Work item
In the entries below, how many lines contain the string "Level"? Respond with the number only.
= = = =
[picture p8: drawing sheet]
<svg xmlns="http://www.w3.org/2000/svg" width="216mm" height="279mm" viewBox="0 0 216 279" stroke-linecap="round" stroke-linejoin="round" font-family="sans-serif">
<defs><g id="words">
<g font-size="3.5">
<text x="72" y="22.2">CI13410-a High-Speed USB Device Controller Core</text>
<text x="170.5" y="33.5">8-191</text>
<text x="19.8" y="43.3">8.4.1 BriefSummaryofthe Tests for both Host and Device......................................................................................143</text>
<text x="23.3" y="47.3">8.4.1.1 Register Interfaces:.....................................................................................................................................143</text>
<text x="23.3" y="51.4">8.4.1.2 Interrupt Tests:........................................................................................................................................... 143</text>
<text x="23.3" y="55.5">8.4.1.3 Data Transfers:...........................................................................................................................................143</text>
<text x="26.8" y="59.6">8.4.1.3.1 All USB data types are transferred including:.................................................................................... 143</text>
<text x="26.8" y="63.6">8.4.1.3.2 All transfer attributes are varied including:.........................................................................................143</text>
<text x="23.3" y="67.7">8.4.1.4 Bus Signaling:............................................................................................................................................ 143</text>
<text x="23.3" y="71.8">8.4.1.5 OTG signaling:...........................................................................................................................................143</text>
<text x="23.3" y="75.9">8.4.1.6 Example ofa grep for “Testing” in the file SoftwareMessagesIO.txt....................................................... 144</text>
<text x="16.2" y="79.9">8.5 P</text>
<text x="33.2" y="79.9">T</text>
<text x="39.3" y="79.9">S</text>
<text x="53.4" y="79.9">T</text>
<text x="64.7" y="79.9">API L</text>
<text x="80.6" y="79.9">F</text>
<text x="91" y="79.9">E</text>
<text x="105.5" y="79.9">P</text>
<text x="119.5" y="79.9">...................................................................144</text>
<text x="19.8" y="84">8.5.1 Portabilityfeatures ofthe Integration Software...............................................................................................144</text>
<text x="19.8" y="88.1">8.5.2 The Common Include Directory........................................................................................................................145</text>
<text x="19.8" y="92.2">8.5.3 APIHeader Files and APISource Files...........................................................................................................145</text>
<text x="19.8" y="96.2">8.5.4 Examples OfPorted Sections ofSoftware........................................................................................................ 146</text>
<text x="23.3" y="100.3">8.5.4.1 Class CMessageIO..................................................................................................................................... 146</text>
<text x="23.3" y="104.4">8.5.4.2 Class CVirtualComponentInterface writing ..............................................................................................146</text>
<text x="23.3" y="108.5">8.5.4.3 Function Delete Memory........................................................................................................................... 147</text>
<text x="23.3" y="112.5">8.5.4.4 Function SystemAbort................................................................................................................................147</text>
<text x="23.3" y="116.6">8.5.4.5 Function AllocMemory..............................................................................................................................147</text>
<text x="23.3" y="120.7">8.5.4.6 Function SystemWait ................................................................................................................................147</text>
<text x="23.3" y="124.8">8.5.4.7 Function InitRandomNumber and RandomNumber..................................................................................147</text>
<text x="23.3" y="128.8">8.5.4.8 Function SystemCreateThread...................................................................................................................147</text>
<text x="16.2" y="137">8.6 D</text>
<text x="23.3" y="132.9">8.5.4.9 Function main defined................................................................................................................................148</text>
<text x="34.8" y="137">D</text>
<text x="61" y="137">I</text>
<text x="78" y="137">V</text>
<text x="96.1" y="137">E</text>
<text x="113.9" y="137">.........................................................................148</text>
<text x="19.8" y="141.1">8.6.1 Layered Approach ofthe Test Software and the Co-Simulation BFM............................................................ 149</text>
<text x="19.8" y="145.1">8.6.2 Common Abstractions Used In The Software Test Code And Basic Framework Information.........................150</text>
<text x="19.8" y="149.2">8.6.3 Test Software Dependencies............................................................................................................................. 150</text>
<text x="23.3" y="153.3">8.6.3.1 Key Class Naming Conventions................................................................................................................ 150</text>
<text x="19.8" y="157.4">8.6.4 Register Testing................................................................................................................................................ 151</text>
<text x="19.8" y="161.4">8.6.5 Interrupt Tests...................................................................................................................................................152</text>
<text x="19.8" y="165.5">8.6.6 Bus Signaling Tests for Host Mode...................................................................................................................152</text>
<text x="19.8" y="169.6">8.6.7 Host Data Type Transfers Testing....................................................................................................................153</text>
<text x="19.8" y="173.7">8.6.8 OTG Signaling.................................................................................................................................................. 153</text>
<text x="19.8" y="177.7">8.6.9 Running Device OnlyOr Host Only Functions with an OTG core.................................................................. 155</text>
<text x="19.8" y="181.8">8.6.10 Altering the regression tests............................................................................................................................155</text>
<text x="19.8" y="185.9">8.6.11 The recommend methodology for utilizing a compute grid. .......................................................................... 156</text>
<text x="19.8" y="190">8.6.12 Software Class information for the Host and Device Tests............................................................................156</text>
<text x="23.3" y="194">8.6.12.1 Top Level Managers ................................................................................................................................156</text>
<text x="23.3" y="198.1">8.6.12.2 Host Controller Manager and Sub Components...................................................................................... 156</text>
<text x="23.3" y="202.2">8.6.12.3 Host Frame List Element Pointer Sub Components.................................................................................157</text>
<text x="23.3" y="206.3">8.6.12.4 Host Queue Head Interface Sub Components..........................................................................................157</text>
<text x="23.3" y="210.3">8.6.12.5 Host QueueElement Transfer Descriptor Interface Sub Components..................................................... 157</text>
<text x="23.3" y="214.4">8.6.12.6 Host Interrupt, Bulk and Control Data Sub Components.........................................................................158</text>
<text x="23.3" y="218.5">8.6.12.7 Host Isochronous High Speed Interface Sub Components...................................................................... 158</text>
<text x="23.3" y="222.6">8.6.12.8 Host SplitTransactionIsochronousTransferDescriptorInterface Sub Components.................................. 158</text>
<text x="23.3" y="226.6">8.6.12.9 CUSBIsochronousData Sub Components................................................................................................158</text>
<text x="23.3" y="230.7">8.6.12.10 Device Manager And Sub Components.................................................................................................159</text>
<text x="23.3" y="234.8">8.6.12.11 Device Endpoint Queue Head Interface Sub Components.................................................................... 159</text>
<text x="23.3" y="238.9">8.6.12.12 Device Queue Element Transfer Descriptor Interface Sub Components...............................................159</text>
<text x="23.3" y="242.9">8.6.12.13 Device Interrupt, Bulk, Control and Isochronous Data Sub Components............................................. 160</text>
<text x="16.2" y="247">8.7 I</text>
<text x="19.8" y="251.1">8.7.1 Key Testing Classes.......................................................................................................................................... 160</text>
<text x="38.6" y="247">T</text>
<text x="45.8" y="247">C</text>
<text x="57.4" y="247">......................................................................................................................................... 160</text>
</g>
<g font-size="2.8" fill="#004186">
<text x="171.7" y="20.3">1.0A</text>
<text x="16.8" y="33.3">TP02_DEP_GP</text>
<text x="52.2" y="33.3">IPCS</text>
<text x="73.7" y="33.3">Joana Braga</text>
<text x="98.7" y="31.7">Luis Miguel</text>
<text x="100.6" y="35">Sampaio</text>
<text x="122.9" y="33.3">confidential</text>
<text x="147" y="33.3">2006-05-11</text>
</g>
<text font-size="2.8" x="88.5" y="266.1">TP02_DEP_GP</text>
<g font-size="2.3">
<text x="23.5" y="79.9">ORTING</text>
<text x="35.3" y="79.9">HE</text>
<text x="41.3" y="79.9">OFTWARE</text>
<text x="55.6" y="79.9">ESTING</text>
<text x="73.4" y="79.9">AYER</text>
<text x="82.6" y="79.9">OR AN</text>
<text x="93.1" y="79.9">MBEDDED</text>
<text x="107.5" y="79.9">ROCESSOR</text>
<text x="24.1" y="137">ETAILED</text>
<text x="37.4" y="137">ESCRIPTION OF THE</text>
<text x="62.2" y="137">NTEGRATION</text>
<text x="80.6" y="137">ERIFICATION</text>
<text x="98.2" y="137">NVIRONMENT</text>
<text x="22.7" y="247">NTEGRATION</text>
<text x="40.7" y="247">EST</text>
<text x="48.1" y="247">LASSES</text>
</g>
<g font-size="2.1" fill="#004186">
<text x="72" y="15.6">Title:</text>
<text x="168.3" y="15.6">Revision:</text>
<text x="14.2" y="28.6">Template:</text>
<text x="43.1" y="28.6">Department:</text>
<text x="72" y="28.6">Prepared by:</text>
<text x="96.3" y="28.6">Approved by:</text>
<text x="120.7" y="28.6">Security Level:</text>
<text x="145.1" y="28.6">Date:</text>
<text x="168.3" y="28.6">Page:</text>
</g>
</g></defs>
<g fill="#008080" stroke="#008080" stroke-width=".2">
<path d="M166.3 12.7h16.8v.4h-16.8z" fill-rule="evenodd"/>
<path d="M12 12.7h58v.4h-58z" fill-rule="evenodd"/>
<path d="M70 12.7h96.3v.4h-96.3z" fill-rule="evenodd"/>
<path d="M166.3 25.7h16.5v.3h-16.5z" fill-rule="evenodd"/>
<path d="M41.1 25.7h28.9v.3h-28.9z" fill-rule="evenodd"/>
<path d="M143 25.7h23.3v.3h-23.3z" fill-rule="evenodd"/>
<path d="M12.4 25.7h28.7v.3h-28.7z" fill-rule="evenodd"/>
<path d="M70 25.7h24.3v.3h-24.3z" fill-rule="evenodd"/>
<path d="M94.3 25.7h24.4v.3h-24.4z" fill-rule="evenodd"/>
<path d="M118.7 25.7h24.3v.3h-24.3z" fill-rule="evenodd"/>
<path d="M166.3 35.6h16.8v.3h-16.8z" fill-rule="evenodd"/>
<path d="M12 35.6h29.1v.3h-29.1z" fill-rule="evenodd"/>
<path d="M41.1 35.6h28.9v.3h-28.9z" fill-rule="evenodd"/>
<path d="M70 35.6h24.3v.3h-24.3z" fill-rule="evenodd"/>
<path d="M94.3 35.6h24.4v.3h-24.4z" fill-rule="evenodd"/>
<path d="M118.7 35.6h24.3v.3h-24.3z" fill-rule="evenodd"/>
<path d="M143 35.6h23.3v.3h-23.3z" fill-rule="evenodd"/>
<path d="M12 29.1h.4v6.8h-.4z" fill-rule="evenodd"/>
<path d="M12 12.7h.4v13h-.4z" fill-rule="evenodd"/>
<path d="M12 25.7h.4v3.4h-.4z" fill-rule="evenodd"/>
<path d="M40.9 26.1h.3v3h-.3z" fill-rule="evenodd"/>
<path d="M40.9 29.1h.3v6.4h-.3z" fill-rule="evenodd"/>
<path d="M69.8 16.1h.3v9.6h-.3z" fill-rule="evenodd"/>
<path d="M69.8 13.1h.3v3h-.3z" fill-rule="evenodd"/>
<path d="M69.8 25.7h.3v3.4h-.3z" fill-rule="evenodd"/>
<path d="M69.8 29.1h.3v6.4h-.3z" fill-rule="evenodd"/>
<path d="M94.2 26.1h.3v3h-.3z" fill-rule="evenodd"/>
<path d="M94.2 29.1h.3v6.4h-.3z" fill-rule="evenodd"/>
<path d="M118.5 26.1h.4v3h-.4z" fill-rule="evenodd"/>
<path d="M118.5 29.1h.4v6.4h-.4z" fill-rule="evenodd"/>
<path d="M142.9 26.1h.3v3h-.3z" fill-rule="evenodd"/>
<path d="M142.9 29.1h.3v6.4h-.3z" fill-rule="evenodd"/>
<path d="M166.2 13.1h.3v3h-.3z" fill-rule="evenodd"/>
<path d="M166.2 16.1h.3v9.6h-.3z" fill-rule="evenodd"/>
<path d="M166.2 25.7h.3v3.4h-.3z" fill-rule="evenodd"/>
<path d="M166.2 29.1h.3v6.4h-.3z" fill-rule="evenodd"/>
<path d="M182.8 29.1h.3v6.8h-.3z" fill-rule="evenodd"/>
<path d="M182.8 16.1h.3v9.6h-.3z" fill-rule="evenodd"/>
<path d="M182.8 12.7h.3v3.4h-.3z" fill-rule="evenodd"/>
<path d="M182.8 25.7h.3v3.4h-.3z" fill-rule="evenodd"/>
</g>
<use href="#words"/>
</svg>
= = = =
Solution to the exercise
2